'''

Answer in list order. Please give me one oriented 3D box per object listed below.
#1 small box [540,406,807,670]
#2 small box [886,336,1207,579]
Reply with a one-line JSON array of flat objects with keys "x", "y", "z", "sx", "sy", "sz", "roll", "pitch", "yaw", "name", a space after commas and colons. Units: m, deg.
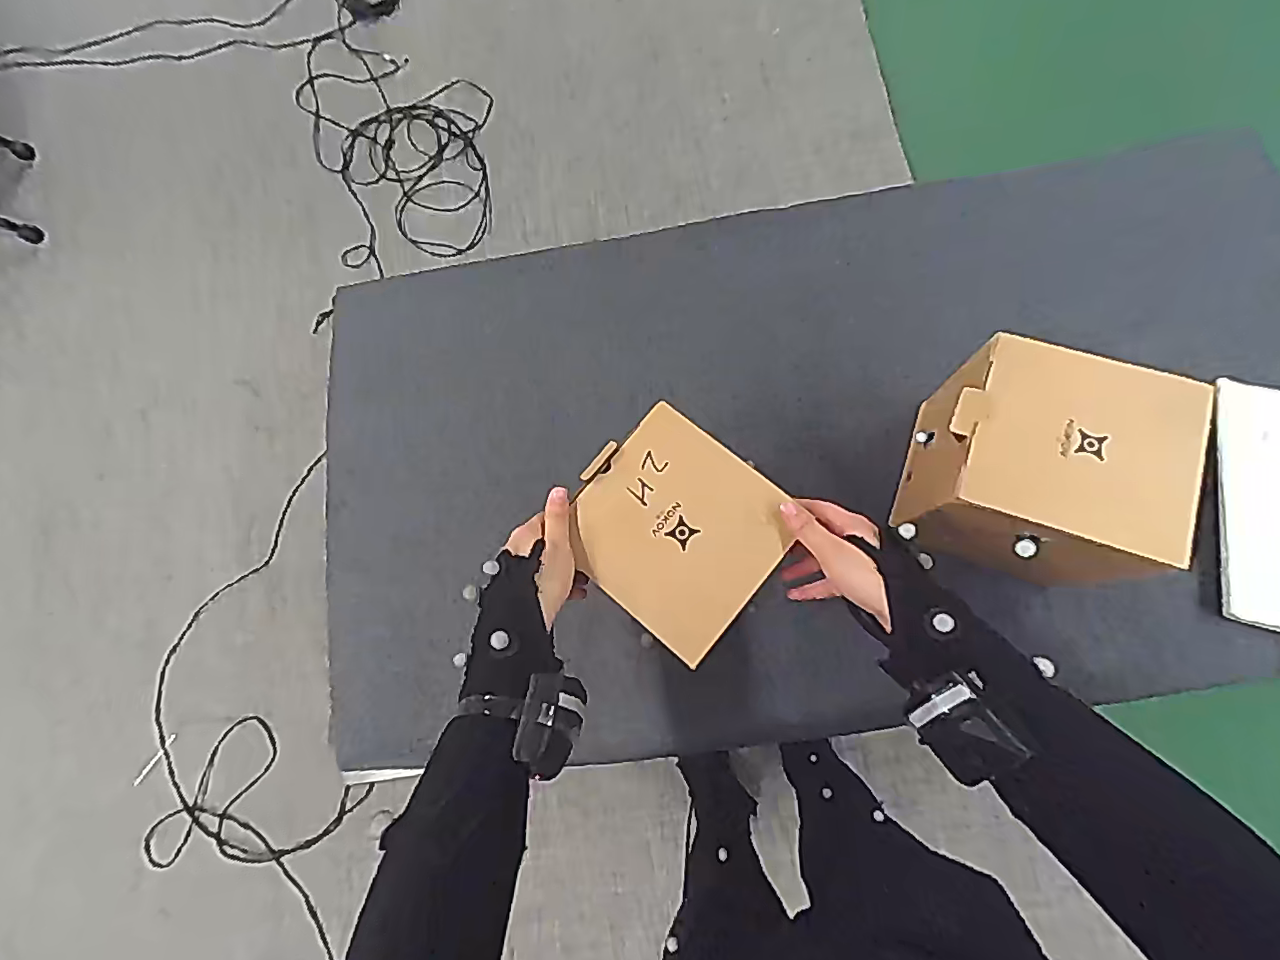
[{"x": 0.036, "y": 0.061, "z": 0.545, "sx": 0.179, "sy": 0.176, "sz": 0.168, "roll": 39, "pitch": 83, "yaw": 14, "name": "small box"}, {"x": 0.373, "y": -0.009, "z": 0.528, "sx": 0.179, "sy": 0.176, "sz": 0.168, "roll": 19, "pitch": 78, "yaw": 11, "name": "small box"}]

'''

Beginning with the first line of the entries, repeat each line exactly until you have reproduced the one containing "#2 small box [886,336,1207,579]", and add nothing further.

OUTPUT OF THE TASK
Answer in list order. Please give me one oriented 3D box per object listed below.
#1 small box [540,406,807,670]
#2 small box [886,336,1207,579]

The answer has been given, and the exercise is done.